## TASK OBJECTIVE
Below is a listing. Set down exactly the lines from the one containing "#2 bow tie [817,484,834,498]" through the one containing "frying pan ->", both ends included, and leave out the rest.

RECORDS FOR THE TASK START

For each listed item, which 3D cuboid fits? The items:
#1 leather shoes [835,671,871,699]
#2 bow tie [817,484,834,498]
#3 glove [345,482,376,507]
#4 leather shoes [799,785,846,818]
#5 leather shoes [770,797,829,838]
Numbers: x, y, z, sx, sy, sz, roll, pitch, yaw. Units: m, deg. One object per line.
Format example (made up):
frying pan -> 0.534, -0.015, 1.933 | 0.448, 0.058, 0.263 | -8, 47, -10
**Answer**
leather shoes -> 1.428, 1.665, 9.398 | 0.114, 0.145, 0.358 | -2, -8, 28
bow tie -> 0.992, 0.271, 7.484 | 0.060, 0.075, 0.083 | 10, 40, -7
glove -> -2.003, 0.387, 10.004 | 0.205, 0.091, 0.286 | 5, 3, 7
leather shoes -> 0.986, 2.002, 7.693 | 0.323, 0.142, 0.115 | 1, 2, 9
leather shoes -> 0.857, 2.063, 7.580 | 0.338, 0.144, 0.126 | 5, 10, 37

RECORDS FOR THE TASK END
RECORDS FOR THE TASK START

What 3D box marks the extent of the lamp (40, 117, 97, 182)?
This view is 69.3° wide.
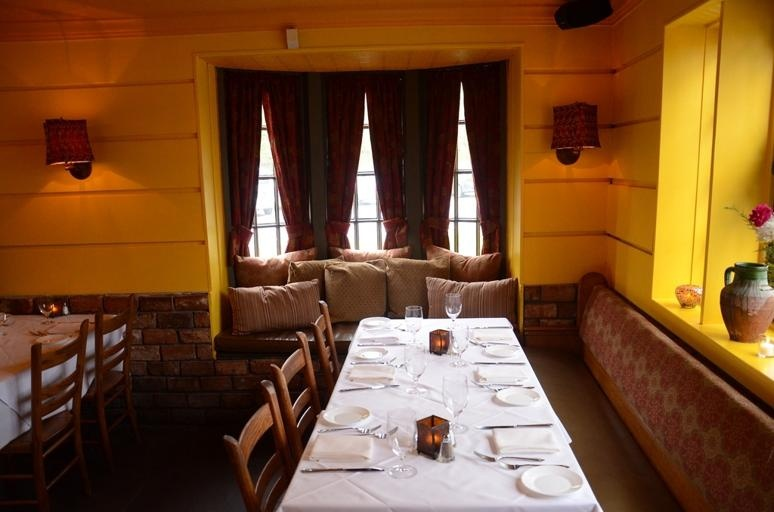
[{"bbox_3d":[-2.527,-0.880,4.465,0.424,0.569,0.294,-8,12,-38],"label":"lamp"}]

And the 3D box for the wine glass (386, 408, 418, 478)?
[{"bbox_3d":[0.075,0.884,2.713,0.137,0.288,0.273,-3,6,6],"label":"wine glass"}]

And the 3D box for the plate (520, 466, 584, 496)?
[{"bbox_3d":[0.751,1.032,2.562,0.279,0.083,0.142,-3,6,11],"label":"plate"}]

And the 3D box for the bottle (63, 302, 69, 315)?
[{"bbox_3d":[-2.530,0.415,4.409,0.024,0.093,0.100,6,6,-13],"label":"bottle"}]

RECORDS FOR THE TASK END

## SOLUTION FOR THIS TASK
#2 bow tie [817,484,834,498]
#3 glove [345,482,376,507]
#4 leather shoes [799,785,846,818]
#5 leather shoes [770,797,829,838]
Numbers: x, y, z, sx, sy, sz, roll, pitch, yaw. Units: m, deg. One object per line.
Format example (made up):
frying pan -> 0.534, -0.015, 1.933 | 0.448, 0.058, 0.263 | -8, 47, -10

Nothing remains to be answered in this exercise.